Each line in the material below must be transcribed exactly; no picture belongs in the copy.

=== Task data ===

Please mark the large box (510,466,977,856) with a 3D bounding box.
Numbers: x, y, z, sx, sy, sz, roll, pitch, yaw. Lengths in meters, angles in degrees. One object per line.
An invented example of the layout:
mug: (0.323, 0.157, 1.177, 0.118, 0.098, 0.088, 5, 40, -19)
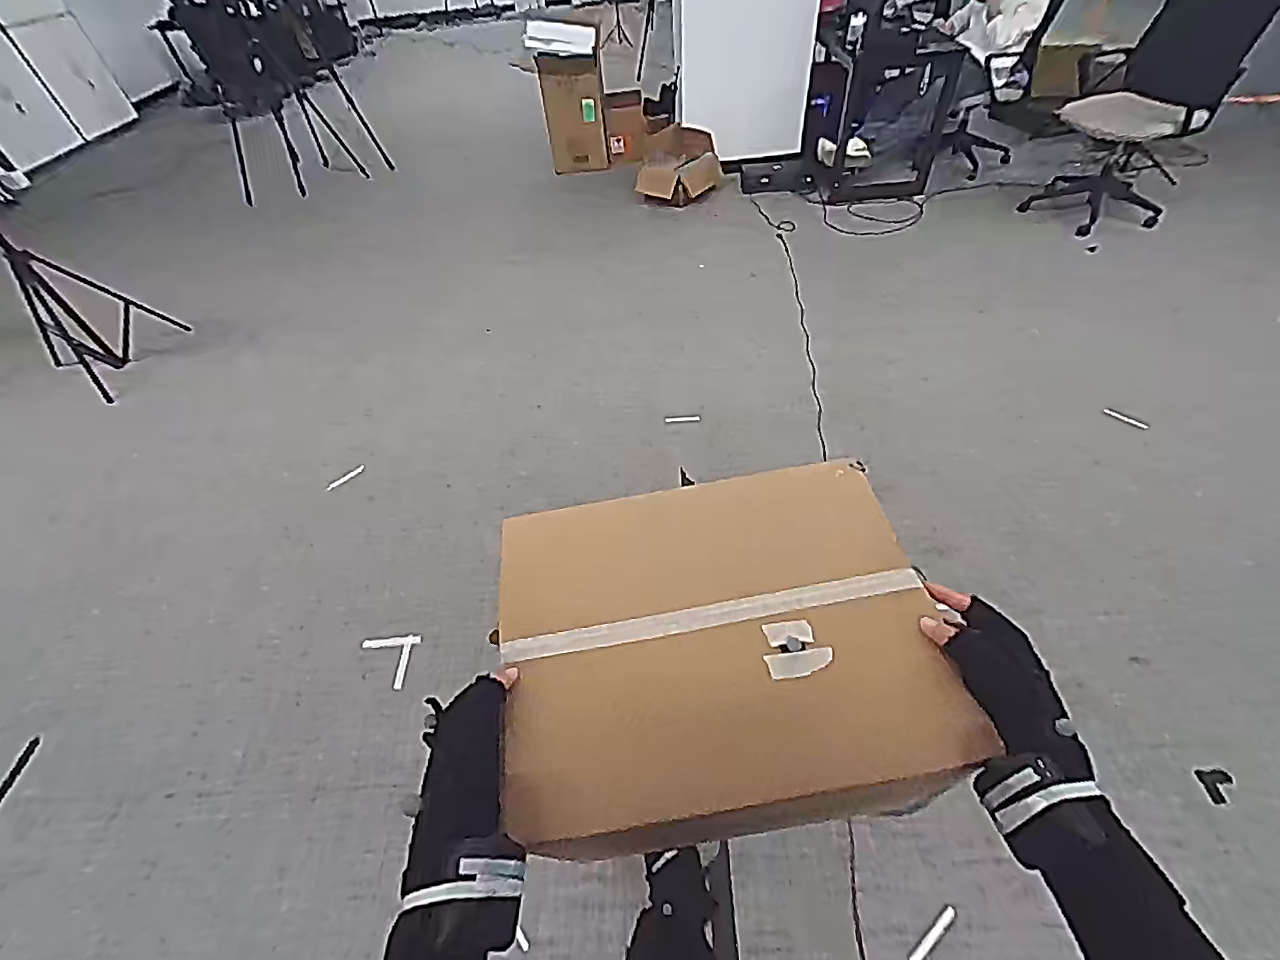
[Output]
large box: (0.081, 0.228, 0.656, 0.408, 0.320, 0.320, -10, 53, -1)

===

## Solved problem
Please mark the large box (510,466,977,856) with a 3D bounding box.
Numbers: x, y, z, sx, sy, sz, roll, pitch, yaw. Lengths in meters, angles in degrees. One object per line.
An invented example of the layout:
mug: (0.323, 0.157, 1.177, 0.118, 0.098, 0.088, 5, 40, -19)
[Output]
large box: (0.081, 0.228, 0.656, 0.408, 0.320, 0.320, -10, 53, -1)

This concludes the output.